- [Source records]
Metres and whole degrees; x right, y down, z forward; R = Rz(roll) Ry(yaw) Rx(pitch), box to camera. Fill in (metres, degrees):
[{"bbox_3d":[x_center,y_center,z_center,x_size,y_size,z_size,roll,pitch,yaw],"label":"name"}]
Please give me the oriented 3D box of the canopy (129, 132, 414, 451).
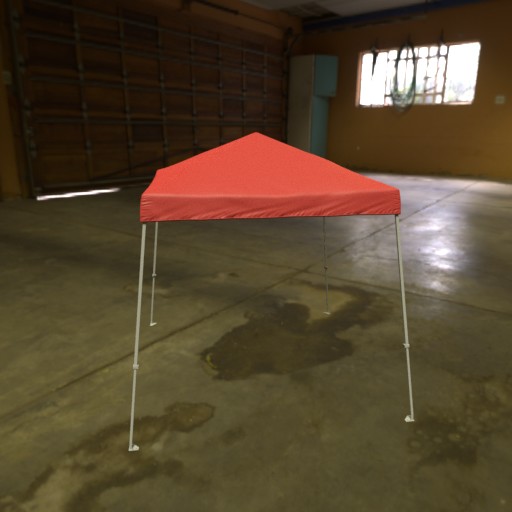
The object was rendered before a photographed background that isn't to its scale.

--

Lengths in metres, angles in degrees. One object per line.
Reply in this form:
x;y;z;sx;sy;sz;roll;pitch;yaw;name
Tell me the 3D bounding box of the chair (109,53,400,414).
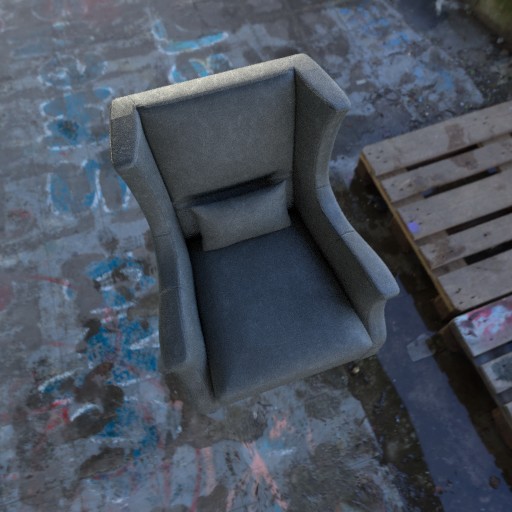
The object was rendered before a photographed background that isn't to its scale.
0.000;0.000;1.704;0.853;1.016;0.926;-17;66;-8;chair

---

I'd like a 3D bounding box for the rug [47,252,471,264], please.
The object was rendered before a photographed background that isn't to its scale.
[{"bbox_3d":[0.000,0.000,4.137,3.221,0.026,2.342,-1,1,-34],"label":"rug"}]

- [Problem to work on]
Produce only the lines from the line containing "Metres and whole" through the line containing "Please give me", inclusive of both, exactly as they stand in the entries above.

- [Answer to this problem]
Metres and whole degrees; x right, y down, z forward; R = Rz(roll) Ry(yaw) Rx(pitch), box to camera. Fill in (metres, degrees):
[{"bbox_3d":[x_center,y_center,z_center,x_size,y_size,z_size,roll,pitch,yaw],"label":"name"}]
Please give me the oriented 3D box of the canopy (129, 132, 414, 451).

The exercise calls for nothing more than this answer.